Paper No. 8
Presentation Time: 9:00 AM-6:30 PM

NEOPROTEROZOIC PERITIDAL PHOSPHORITE, SETE LAGOAS FORMATION, BRAZIL: IMPLICATIONS FOR THE PRECAMBRIAN P CYCLE


DRUMMOND, Justin B.R.1, PUFAHL, Peir K.1, PORTO, Claudio G.2 and CARVALHO, Mariana3, (1)Earth & Environmental Science, Acadia University, Wolfville, NS B4P 2R6, Canada, (2)Departmento de Geologia, Universidade Federal do Rio de Janeiro, Rio de Janeiro, 21949-900, Brazil, (3)MbAC Fertilizer Corp, Rio de Janeiro, 22410-002, Brazil, jbrdrummond@hotmail.com

The Neoproterozoic Sete Lagoas Formation (ca. 610 Ma) of central Brazil is a succession of epeiric sea siltstone, limestone, and phosphorite. Phosphatic sedimentary rocks are restricted to peritidal deposits in a ca. 150-m-thick unconformity bounded sequence of siltstone. Lithofacies stacking patterns indicate deposition occurred during a marine transgression punctuated by higher order fluctuations in relative sea level that produced three parasequences. Parasequences are 40 to 50-m-thick and defined by a basal flooding surface that is generally overlain by interbedded carbonate mudstone and wavy laminated siltstone that grades to flaser and parallel bedded silty sandstone containing francolite-rich microbial laminae. Each cycle is interpreted to record progradation of phosphatic intertidal flats over subtidal deposits as accommodation filled. The presence of beach facies, mudcracks, absence of coarse terrigenous clastics, and the abundance of silt with fine, abraded quartz grains indicate deposition along an arid coastline dominated by eolian input.

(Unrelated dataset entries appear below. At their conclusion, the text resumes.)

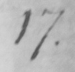Please transcribe the handwritten text in this image. 17 . 
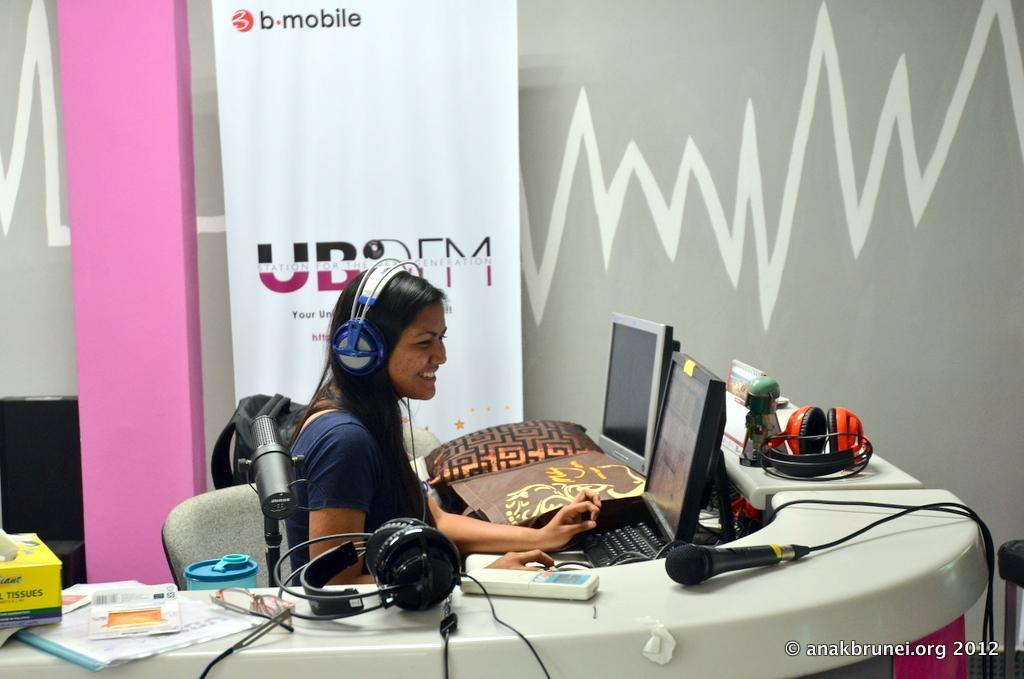Could you give a brief overview of what you see in this image? In the foreground of the picture we can see a woman sitting in the chair, in front of her there is a desk, on the desk there are desktops, headphones, mics, cable, papers, tissues, bags, bottle, backpack and various objects. In the center of the picture there is a board. In the background it is well. On the right there is a stool. 
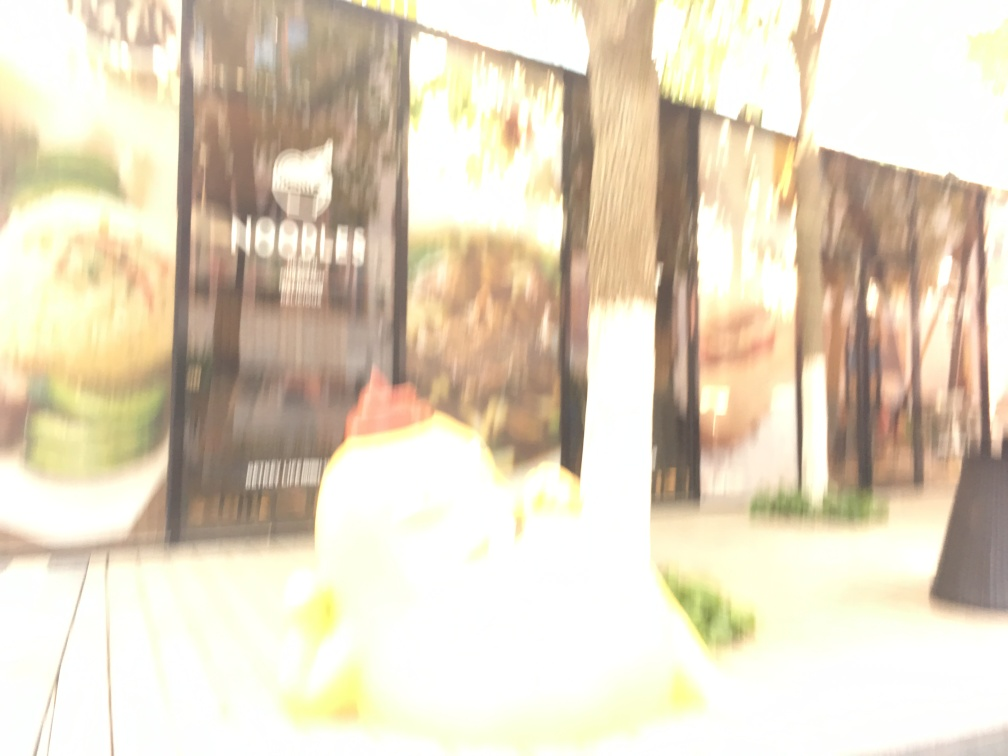Can you suggest how to prevent this kind of overexposure and blurriness in future photographs? To prevent overexposure, ensure that your camera settings are adjusted according to the lighting conditions; use a lower ISO, faster shutter speed, or a smaller aperture. To avoid blurriness, use a tripod or stabilize your camera to prevent movement, and make sure the focus is set correctly for your subject. Could weather or the environment play a role in image quality like this? Absolutely, environmental conditions such as bright sunlight, or fog can contribute to overexposure and a hazy image. In such conditions, using lens hoods and filters can help manage the light entering the lens and protect against lens flare and atmospheric effects that could degrade image sharpness.

The shallow nature of phosphorite in the Sete Lagoas Formation is unlike younger, larger late Neoproterozoic-Phanerozoic phosphorites. These giant phosphorites generally formed in distal shelf environments in association with coastal upwelling. The increasing size of phosphatic deposits through the Neoproterozoic is interpreted to reflect the expansion of oxygenated environments across shelves that were favourably positioned for upwelling; deposition of the first true phosphorite giants occurred after ocean ventilation at ca. 580 Ma. This codependence of seafloor oxygenation and phosphogenesis highlights the importance of ocean redox state on the Precambrian P cycle. The Sete Lagoas Formation demonstrates that redox-controlled phosphogenic processes such as bacterial sulphate reduction and Fe-redox pumping were still restricted to nearshore oxygen oases until the distal shelf became fully oxygenated, permitting for the first time the production of Phanerozoic-style phosphorites.